Born in Fair Lawn, New Jersey, United States, Swallow studied piano and trumpet, as a child, before turning to the double bass at the age of 14. While attending a prep school, he began trying his hand in jazz improvisation. In 1960, he left Yale University, where he was studying composition, and settled in New York City, playing at the time in Jimmy Giuffre's trio along with Paul Bley. After joining Art Farmer's quartet in 1963, Swallow began to write. It is in the 1960s that his long-term association with Gary Burton's various bands began.

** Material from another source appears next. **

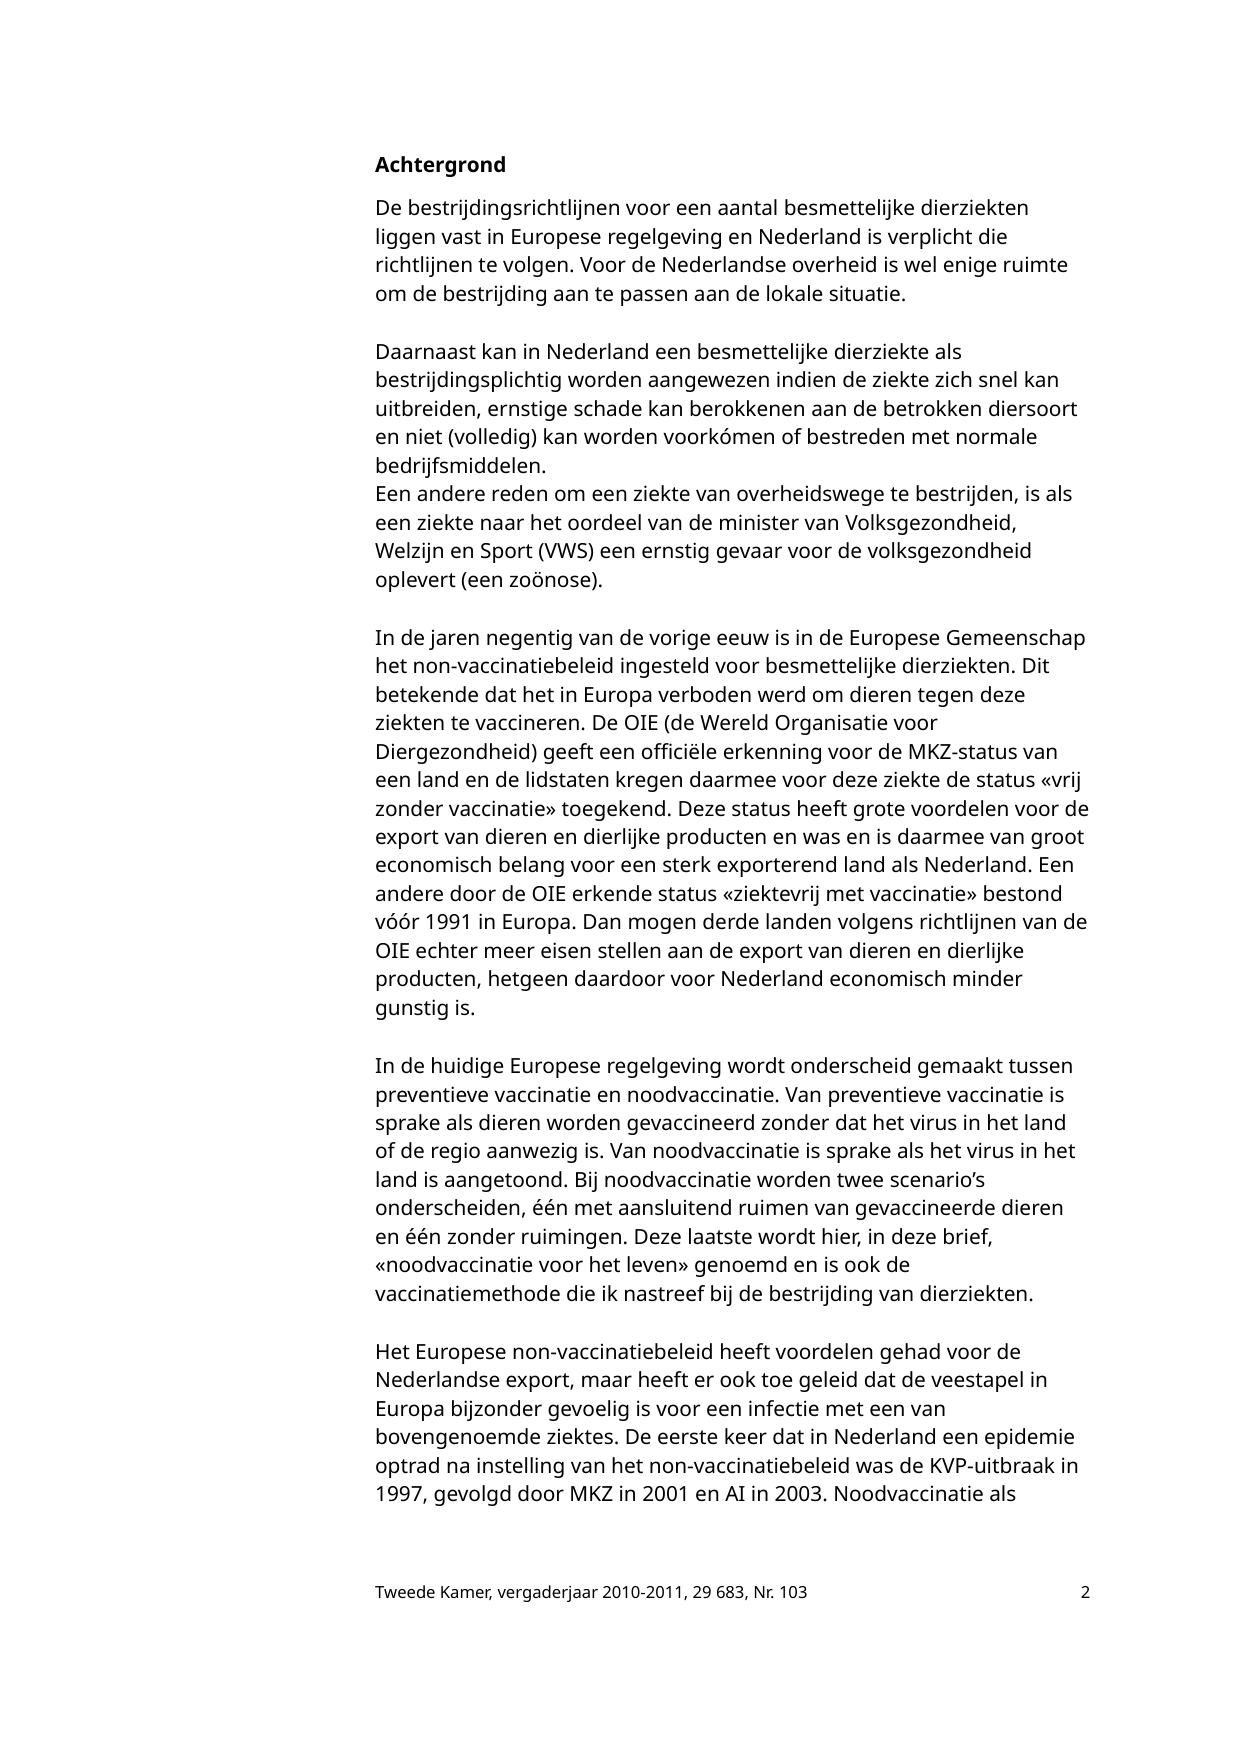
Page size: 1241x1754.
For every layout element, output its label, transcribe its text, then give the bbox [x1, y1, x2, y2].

In the early 1970s, Swallow switched exclusively to electric bass guitar, of which he prefers the five-string variety. He was first introduced to the electric bass while doing a music trade show with Gary Burton and trying a Gibson EB-2. Along with Monk Montgomery and Bob Cranshaw, Swallow was among the first jazz bassists to do so (with much encouragement from Roy Haynes, one of Swallow's favorite drummers). He plays with a pick (made of copper by Hotlicks), and his style involves intricate solos in the upper register. He was one of the early adopters of the high C string on a bass guitar.

From 1974 to 1976, Swallow taught at the Berklee College of Music. He contributed several of his compositions to the Berklee students who assembled the first edition of The Real Book. He later recorded an album, Real Book, with the picture of a well-worn, coffee-stained book on the cover.

In 1978, Swallow became a member of Carla Bley's band. He was Bley's romantic partner from the 1980s until her death in 2023. He toured extensively with John Scofield in the early 1980s, and has returned to this collaboration several times over the years.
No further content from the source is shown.